Consultant in maternal medicine and obstetrics, Roshni Patel, works at the Chelsea & Westminster Hospital in London. She says: “Initially, we need to listen to a woman’s worries and find out what’s going on in her head. For example, a woman may begin by saying that labour scares her, but when you dig a little you find a specific worry, such as tearing or induction. We need to identify each fear and go through them. My job is to be reassuring and totally honest, to listen to women and engage with them.”

“Some women need more care, and we refer them. For some, CBT and counselling are helpful, some respond well to psychotherapy and some need medication. We explain risks and benefits so that women can make their own, informed choices and medication ensures breastfeeding is possible.”

“Some women have endured trauma in a previous pregnancy or labour and while we can’t change that, we can examine what happened before, and offer them tools to move forward.”


Self-help techniques for mental health

Julianne Boutaleb Consultant Perinatal Psychologist and Director of Parenthood in Mind, offers these techniques:

  • It’s normal to feel overwhelmed; becoming a mother is a huge shift in emotions, relationships and identity

  • Many of us are not used to feeling so vulnerable and dependent. Allow yourself to feel your feelings

  • Speak to someone who gets it; a trusted friend or therapist specialising in perinatal issues

  • Use distraction; getting engrossed in an activity such as sewing, gardening or decorating helps mitigate overwhelming emotions

  • Use positive affirmations, such as “I am doing all I can to look after myself and my baby”

  • Gentle physical exercise such as swimming, walking or yoga are good ways of releasing stress hormones

  • Look into grounding and breathing exercises. Headspace and The Positive Birth Movement have easily accessed online packages

  • Ask family and friends to check in with you if you’re anxious about a scan or appointment in pregnancy

  • Don’t dismiss anxieties about the birth; if you had a difficult previous birth, let your midwife know so they can discuss birth options with you

  • If your feelings are linked to previous pregnancy loss, seek help from the Miscarriage Association or Tommy’s

  • If you feel your levels of anxiety or depression are getting worse, please speak to your doctor or midwife, or contact a helpful organisation.
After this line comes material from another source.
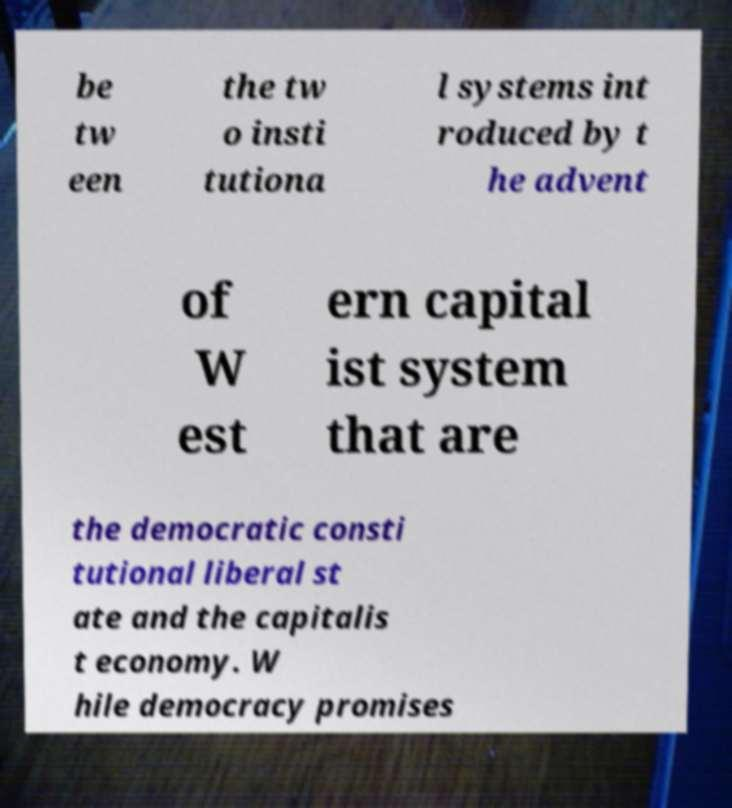I need the written content from this picture converted into text. Can you do that? be tw een the tw o insti tutiona l systems int roduced by t he advent of W est ern capital ist system that are the democratic consti tutional liberal st ate and the capitalis t economy. W hile democracy promises 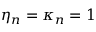Convert formula to latex. <formula><loc_0><loc_0><loc_500><loc_500>\eta _ { n } = \kappa _ { n } = 1</formula>

Where to find support for mental health during pregnancy

There’s help out there for anxiety and depression during pregnancy, from medication to support groups and talking therapies.

Action on Postpartum Psychosis (APP) - App-network.org

Anxiety UK - Anxietyuk.org.uk

Maternal OCD - Maternalocd.org

MIND - Mind.org.uk

NCT - Nct.org.uk

NHS - https://www.nhs.uk/pregnancy/keeping-well/mental-health/

OCD Action - Ocdaction.org.uk

PANDAS Foundation - Pandasfoundation.org.uk

This content should not substitute medical advice from your personal healthcare provider. Please consult your healthcare provider for recommendations/diagnosis or treatment.